■ **What is expected**
Take the entries below and retype them word for word, excluding the images.
Start of The data
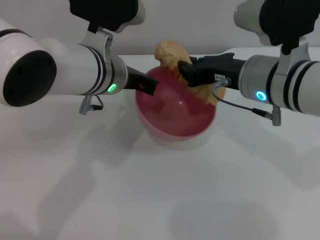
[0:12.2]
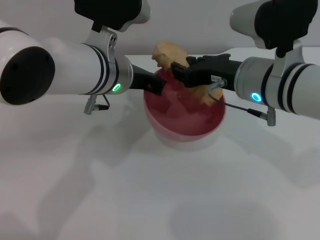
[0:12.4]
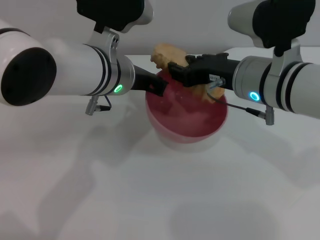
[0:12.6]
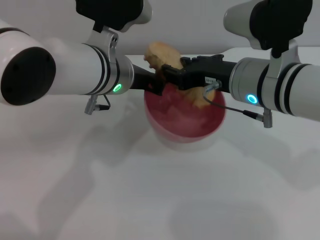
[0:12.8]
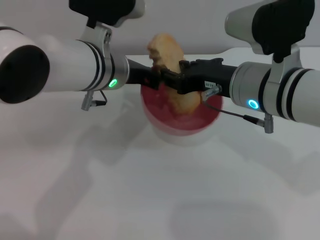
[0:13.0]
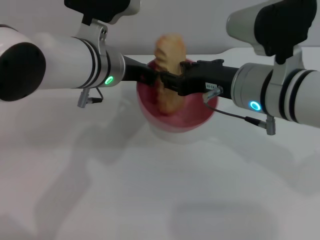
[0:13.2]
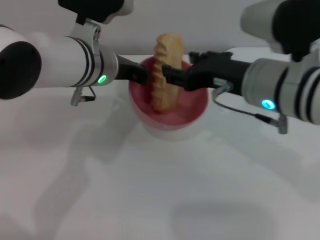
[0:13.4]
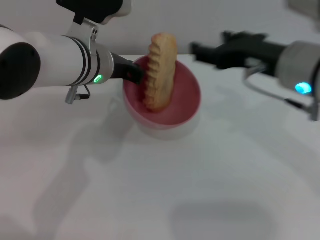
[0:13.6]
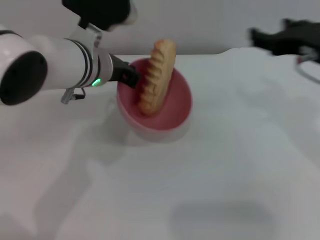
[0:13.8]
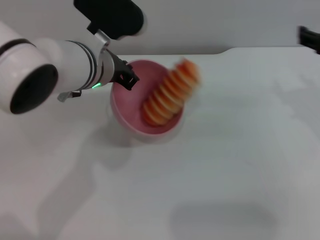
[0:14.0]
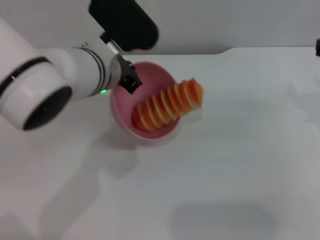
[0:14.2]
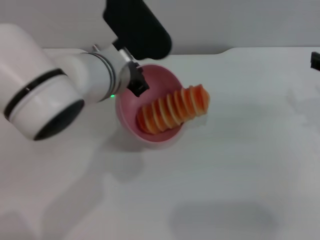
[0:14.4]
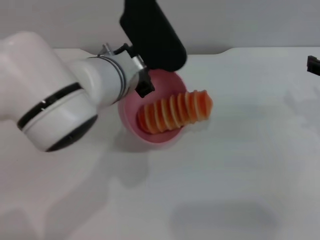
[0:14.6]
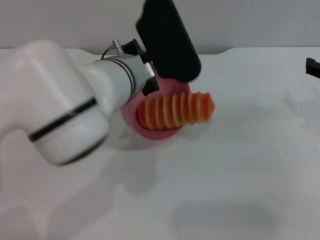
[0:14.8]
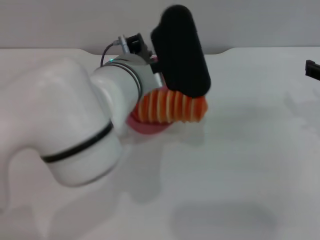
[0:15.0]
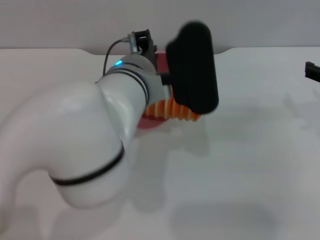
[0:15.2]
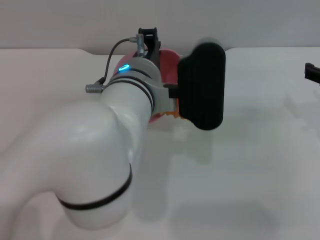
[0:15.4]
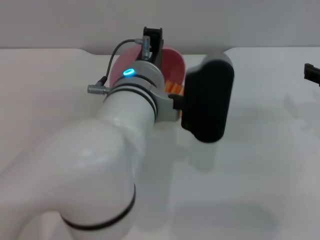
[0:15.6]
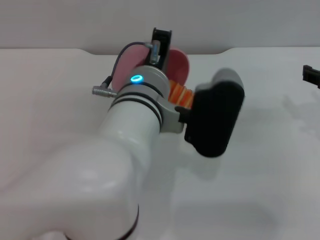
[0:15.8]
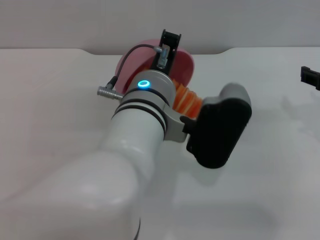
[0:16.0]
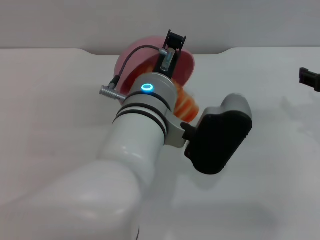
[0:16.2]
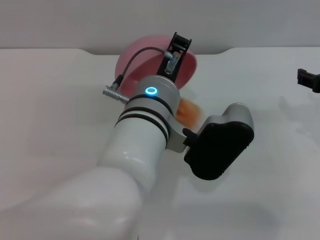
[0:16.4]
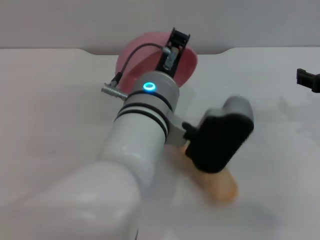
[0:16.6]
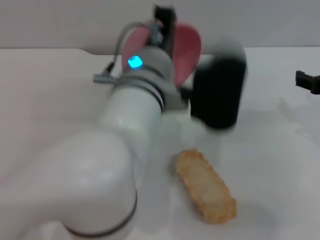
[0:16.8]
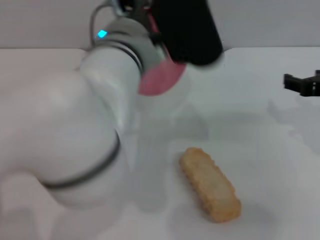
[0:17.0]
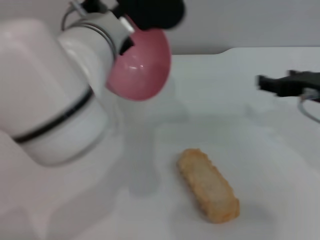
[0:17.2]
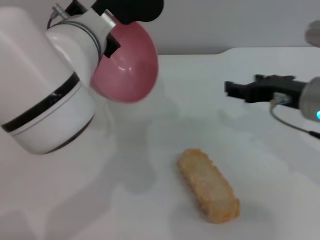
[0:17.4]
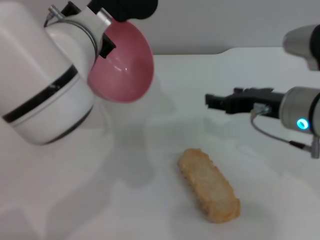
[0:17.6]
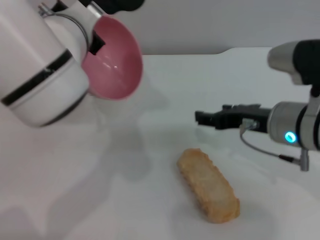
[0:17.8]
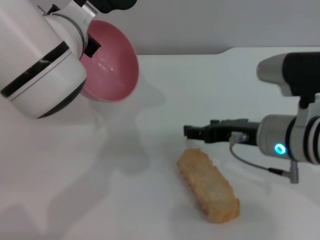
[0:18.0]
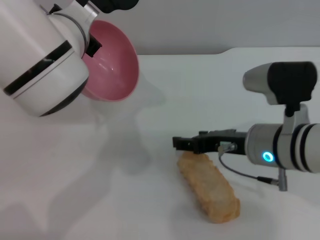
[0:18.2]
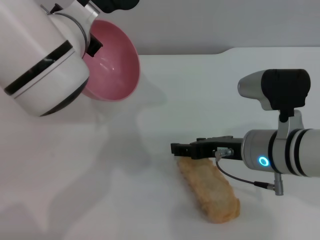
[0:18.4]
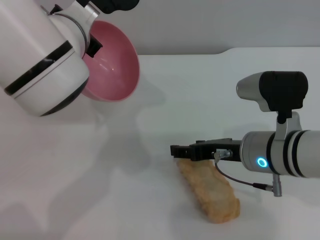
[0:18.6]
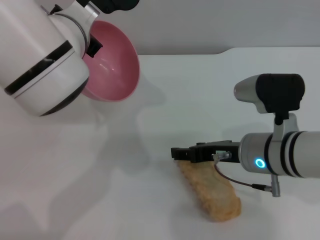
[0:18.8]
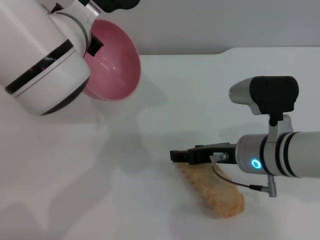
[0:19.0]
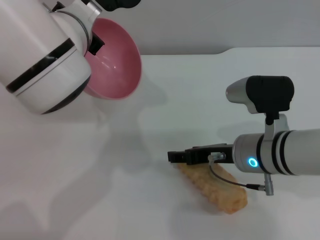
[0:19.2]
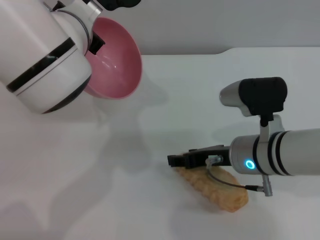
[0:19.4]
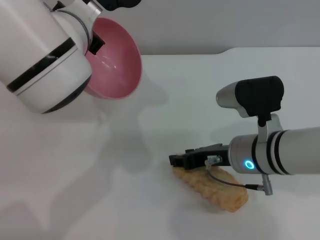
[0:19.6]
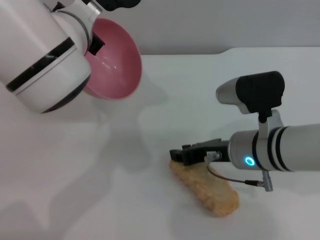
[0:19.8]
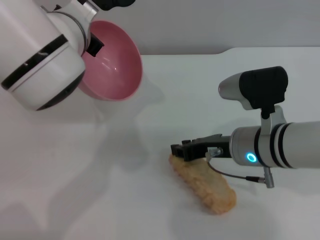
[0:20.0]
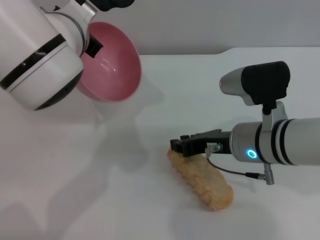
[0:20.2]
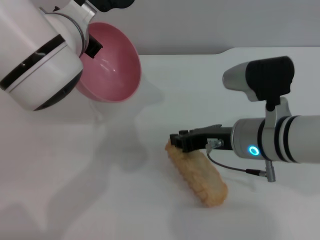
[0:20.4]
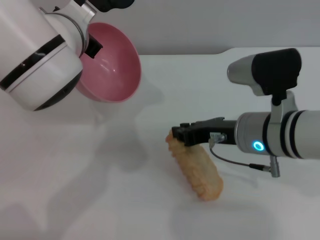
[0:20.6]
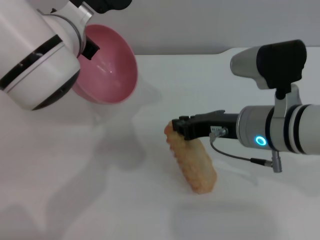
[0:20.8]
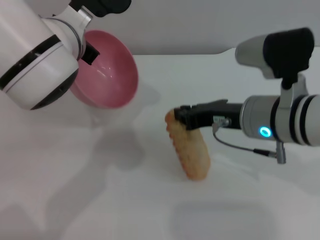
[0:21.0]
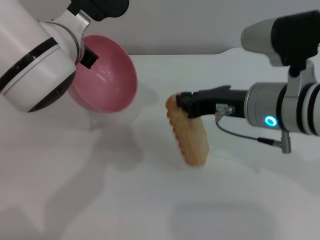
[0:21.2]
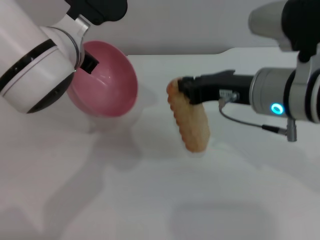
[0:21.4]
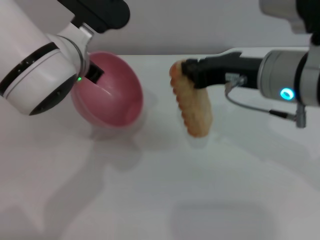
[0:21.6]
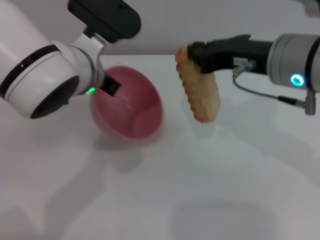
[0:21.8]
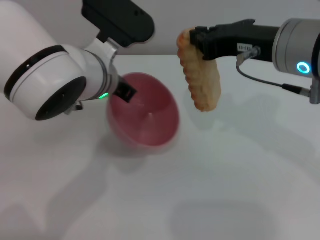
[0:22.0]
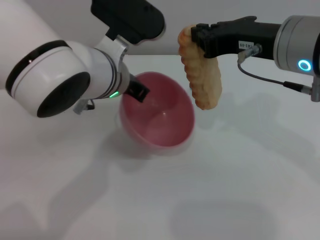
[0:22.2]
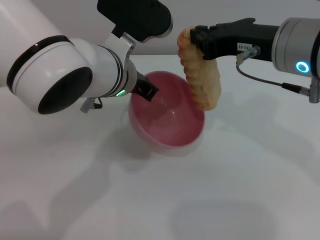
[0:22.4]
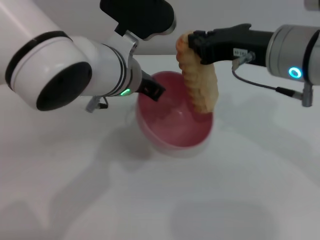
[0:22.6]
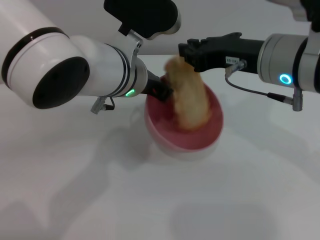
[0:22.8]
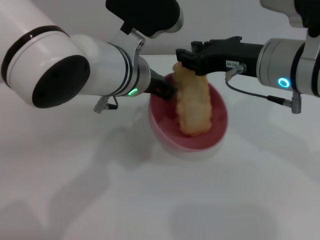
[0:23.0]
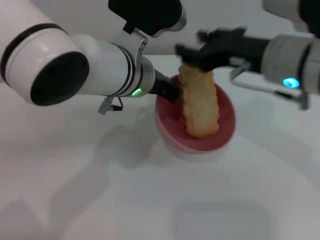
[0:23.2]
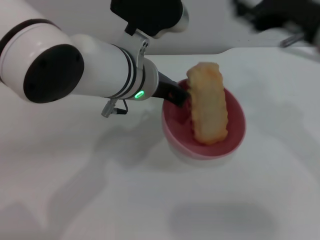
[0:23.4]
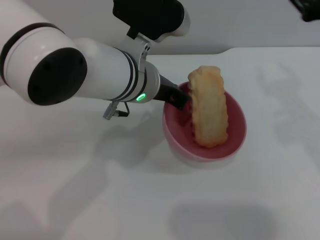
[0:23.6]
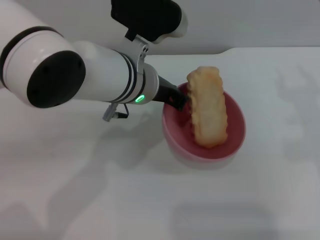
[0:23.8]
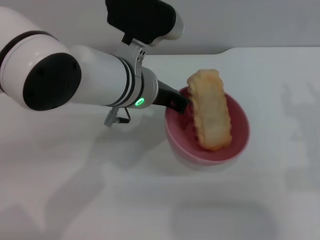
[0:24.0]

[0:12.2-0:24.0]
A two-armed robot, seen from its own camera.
Task of the whole recording: put the bread into the pink bowl and pour it out repeatedly.
Step, 0:12.2 to 0:13.4: Place the bread into the bowl.
Step, 0:13.6 to 0:16.6: Pour the bread out of the bowl.
Step, 0:16.8 to 0:21.6: Pick up the bread with the right gripper.
Step, 0:21.8 to 0:23.2: Place the bread into the bowl.
0:12.2 to 0:13.6: The right gripper changes place by approximately 5 cm, and opens up.
0:13.6 to 0:15.2: The right gripper travels to the right and downward by about 15 cm, while the left gripper goes roughly 10 cm to the right and backward.
0:16.6 to 0:18.2: The left gripper heads to the left, forward and upward, covering approximately 15 cm; the right gripper goes roughly 15 cm to the left.
0:18.2 to 0:19.6: There are only small adjustments of the grippers.
0:19.6 to 0:21.0: The right gripper goes about 5 cm upward, and closes.
0:21.0 to 0:22.6: The left gripper ends up about 5 cm from where it was. The right gripper goes some 10 cm upward.
0:22.6 to 0:24.0: The right gripper travels to the right, downward and backward by about 15 cm, and opens its fingers.
End of The data
■ **Response to the exercise**
[0:12.2]
[0:12.4]
[0:12.6]
[0:12.8]
[0:13.0]
[0:13.2]
[0:13.4]
[0:13.6]
[0:13.8]
[0:14.0]
[0:14.2]
[0:14.4]
[0:14.6]
[0:14.8]
[0:15.0]
[0:15.2]
[0:15.4]
[0:15.6]
[0:15.8]
[0:16.0]
[0:16.2]
[0:16.4]
[0:16.6]
[0:16.8]
[0:17.0]
[0:17.2]
[0:17.4]
[0:17.6]
[0:17.8]
[0:18.0]
[0:18.2]
[0:18.4]
[0:18.6]
[0:18.8]
[0:19.0]
[0:19.2]
[0:19.4]
[0:19.6]
[0:19.8]
[0:20.0]
[0:20.2]
[0:20.4]
[0:20.6]
[0:20.8]
[0:21.0]
[0:21.2]
[0:21.4]
[0:21.6]
[0:21.8]
[0:22.0]
[0:22.2]
[0:22.4]
[0:22.6]
[0:22.8]
[0:23.0]
[0:23.2]
[0:23.4]
[0:23.6]
[0:23.8]
[0:24.0]

[0:12.2-0:24.0]
A two-armed robot, seen from its own camera.
Task of the whole recording: put the bread into the pink bowl and pour it out repeatedly.
Step, 0:12.2 to 0:13.4: Place the bread into the bowl.
Step, 0:13.6 to 0:16.6: Pour the bread out of the bowl.
Step, 0:16.8 to 0:21.6: Pick up the bread with the right gripper.
Step, 0:21.8 to 0:23.2: Place the bread into the bowl.
0:12.2 to 0:13.6: The right gripper changes place by approximately 5 cm, and opens up.
0:13.6 to 0:15.2: The right gripper travels to the right and downward by about 15 cm, while the left gripper goes roughly 10 cm to the right and backward.
0:16.6 to 0:18.2: The left gripper heads to the left, forward and upward, covering approximately 15 cm; the right gripper goes roughly 15 cm to the left.
0:18.2 to 0:19.6: There are only small adjustments of the grippers.
0:19.6 to 0:21.0: The right gripper goes about 5 cm upward, and closes.
0:21.0 to 0:22.6: The left gripper ends up about 5 cm from where it was. The right gripper goes some 10 cm upward.
0:22.6 to 0:24.0: The right gripper travels to the right, downward and backward by about 15 cm, and opens its fingers.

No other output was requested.